For my current reasearch, I want to add the Federated learning strategy SCAFFOLD from Karimireddy to my experiment. I am using tensorflow for my reasearch, however I can only find implementations in pytorch online, and I ran into some issues implementing it myself.
Below I attach the algorithm from the paper:
Basically, it just adds (code: line 10 -ci+c) some additional values (control variates) to the gradient before applying it to the model. There is a local control variates (c_i) which is different between all clients, and a global control variates (c) which gets updated every round after model aggregation.
Here the model weights also gets aggregated same as in FedAvg.
I tried to write this in a optimizer in tensorflow, due to the length of the code, I added it in pastebin: https://pastebin.com/ZtX4DvhG
Everything works and converges when directly using tf.SGD optimizer with the same learning rate. But when I use my implementation, it doesn’t converge and the model weights explode after few rounds. (approx. 5-7 aggregations). the weight and loss becomes: NaN.
On the client side, I do the following (I simplified it to keep it short):
# The optimizer Scaffold implementation is in the pastebin link above.
optimizer = Scaffold(learning_rate=hyperparams.SGD_learning_rate)
# load global model weights and global/local control variates to the optimizer
optimizer.set_controls(global_model.weights, hyperparams.scaffold)
model.compile(optimizer=optimizer, loss=loss, metrics=metrics)
model.fit()
# compute new local control variates store locally for next round
local_controls = optimizer.get_new_client_controls(
global_model.get_weights(),
model.get_weights(),
option=option,
)
# compute local control variates and send to server
local_controls_diff = (
[new - old for new, old in zip(local_controls, old_local_controls)]
if old_local_controls
else local_controls
)
The aggregation looks like this:
total_client_count = self.total_client_count
selected_clients_count = len(client_parameters)
global_params = self.global_weights
global_controls = self.global_controls
global_lr = self.global_lr
delta_weights = [
[ c_layer - g_layer for g_layer, c_layer in zip(global_params, client_i) ]
for client_i in client_parameters
]
delta_avg_weights = [
reduce(np.add, layer_updates) / selected_clients_count
for layer_updates in zip(*delta_weights)
]
delta_controls = [
[ c_layer - g_layer for g_layer, c_layer in zip(global_controls, client_i) ]
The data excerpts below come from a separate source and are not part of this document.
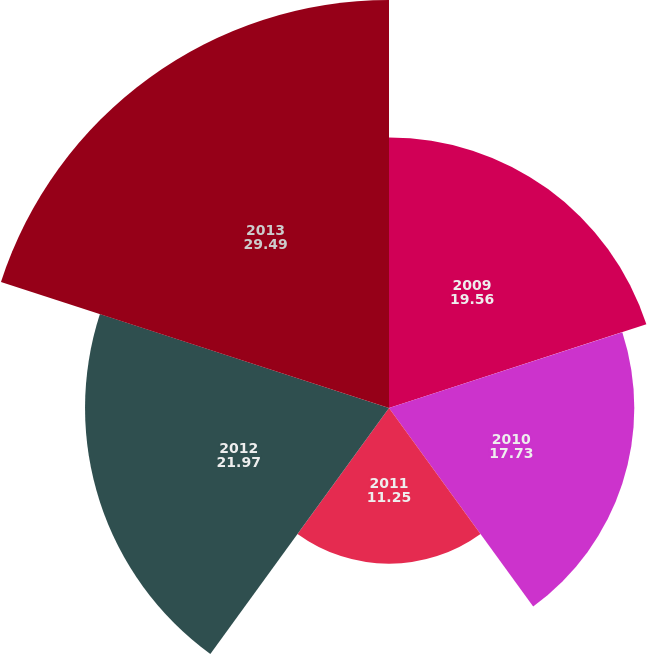Convert chart. <chart><loc_0><loc_0><loc_500><loc_500><pie_chart><fcel>2009<fcel>2010<fcel>2011<fcel>2012<fcel>2013<nl><fcel>19.56%<fcel>17.73%<fcel>11.25%<fcel>21.97%<fcel>29.49%<nl></chart> 
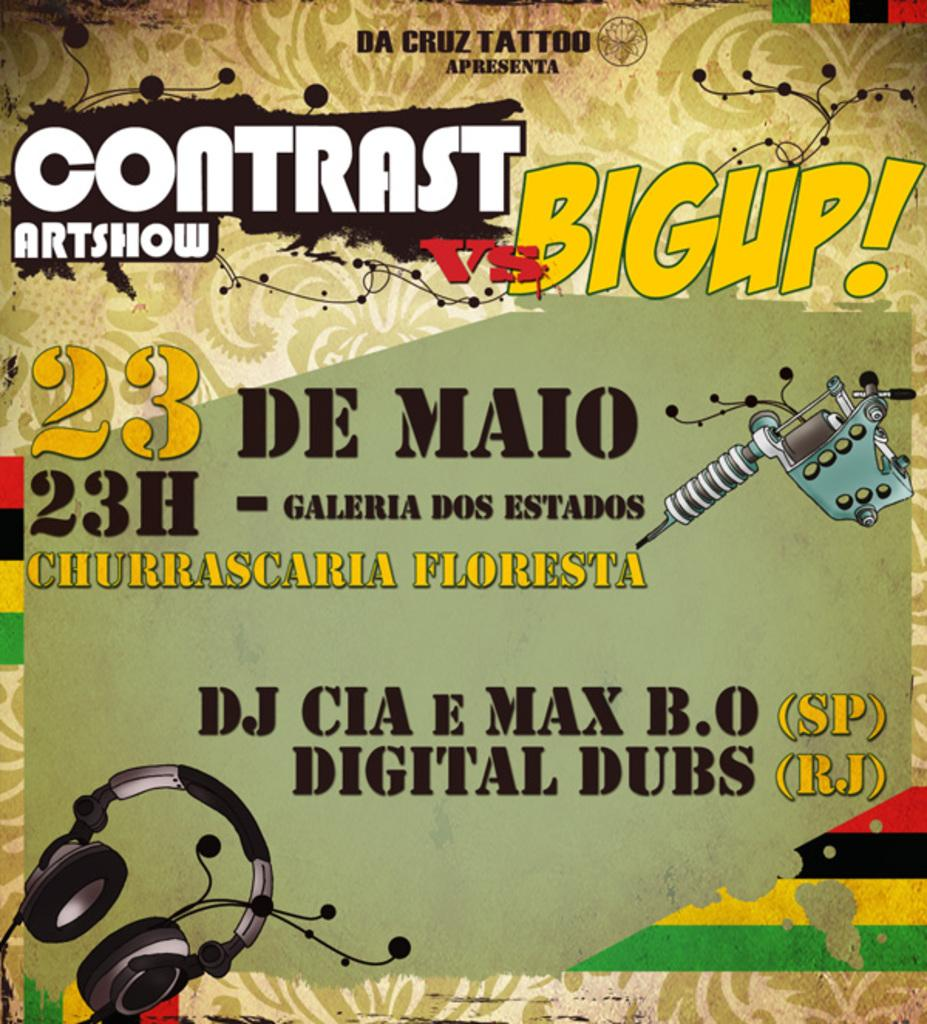<image>
Render a clear and concise summary of the photo. an ad about a band and when they are playing 
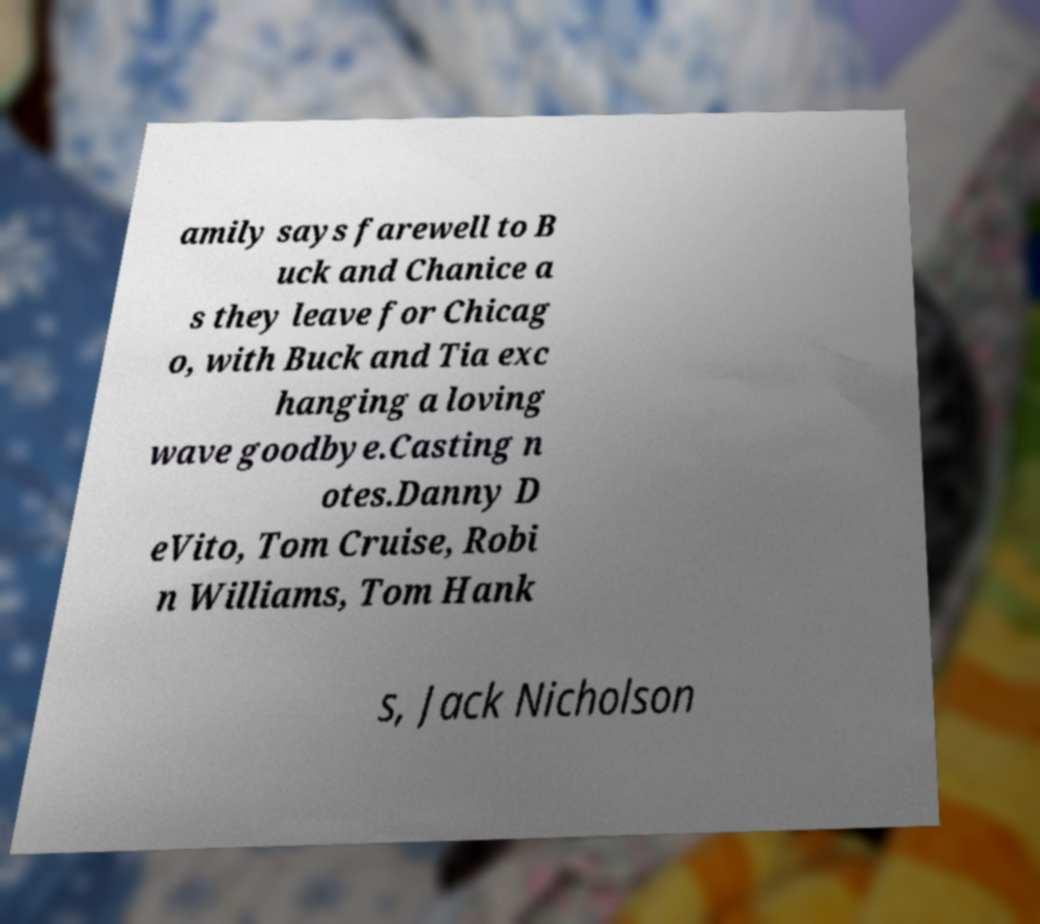Can you accurately transcribe the text from the provided image for me? amily says farewell to B uck and Chanice a s they leave for Chicag o, with Buck and Tia exc hanging a loving wave goodbye.Casting n otes.Danny D eVito, Tom Cruise, Robi n Williams, Tom Hank s, Jack Nicholson

for client_i in client_contorls
]
delta_avg_controls = [
reduce(np.add, layer_updates) / selected_clients_count
for layer_updates in zip(*delta_controls)
]
# calc new global weights for next round
# x = x + lr_g * delta_x
new_global_weights = [
global_layer + global_lr * delta_avg
for global_layer, delta_avg in zip(global_params, delta_avg_weights)
]
# clac new global control variates for next round
# c = c + |S|/N * delta_ci
new_global_controls = [
global_layer + (selected_clients_count/total_client_count) * delta_avg
for global_layer, delta_avg in zip(global_controls, delta_avg_controls)
]
The new model weights and global control variates will be sent to each client.